- [Requirement]
Starting from the first line below, count every line holding the word "outlined", then state the total alone.

(Data extracted from a collection)
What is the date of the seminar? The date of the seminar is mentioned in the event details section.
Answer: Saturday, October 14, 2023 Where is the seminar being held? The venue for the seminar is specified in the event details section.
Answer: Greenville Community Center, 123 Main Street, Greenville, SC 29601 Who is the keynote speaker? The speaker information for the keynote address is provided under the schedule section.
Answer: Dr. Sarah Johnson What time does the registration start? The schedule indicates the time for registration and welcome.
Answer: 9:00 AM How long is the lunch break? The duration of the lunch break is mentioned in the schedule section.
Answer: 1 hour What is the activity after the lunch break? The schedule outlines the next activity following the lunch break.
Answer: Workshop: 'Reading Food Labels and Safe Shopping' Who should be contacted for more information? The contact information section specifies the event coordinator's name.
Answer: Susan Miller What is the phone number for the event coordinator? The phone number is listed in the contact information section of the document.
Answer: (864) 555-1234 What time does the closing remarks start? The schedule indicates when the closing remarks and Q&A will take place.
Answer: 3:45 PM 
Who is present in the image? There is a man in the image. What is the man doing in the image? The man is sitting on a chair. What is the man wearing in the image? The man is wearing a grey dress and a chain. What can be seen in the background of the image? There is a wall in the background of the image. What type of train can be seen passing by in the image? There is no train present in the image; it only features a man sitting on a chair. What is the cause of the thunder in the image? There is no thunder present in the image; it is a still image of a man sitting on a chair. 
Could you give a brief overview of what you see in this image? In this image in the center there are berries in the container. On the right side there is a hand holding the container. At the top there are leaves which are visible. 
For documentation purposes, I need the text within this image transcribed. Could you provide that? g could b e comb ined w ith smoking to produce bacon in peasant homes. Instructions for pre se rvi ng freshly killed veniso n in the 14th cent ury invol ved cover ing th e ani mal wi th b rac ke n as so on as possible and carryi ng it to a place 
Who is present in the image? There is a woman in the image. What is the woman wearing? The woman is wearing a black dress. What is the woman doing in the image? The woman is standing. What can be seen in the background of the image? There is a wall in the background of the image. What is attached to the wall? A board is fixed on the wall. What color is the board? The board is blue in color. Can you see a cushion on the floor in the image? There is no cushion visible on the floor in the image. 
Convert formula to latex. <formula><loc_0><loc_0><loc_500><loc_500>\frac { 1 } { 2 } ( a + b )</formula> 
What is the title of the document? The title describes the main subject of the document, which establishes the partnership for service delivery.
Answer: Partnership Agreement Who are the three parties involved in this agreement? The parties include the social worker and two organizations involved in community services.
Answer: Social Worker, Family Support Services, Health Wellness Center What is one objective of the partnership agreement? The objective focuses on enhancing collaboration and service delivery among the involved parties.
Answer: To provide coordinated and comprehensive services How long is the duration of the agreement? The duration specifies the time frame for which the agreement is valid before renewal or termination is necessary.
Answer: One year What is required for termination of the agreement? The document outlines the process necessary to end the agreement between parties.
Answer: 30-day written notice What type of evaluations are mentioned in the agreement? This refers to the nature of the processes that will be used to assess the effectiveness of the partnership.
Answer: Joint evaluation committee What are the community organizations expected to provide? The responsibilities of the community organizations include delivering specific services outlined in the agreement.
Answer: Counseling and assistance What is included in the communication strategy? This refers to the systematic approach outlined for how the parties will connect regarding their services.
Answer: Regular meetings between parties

- [Your response]
2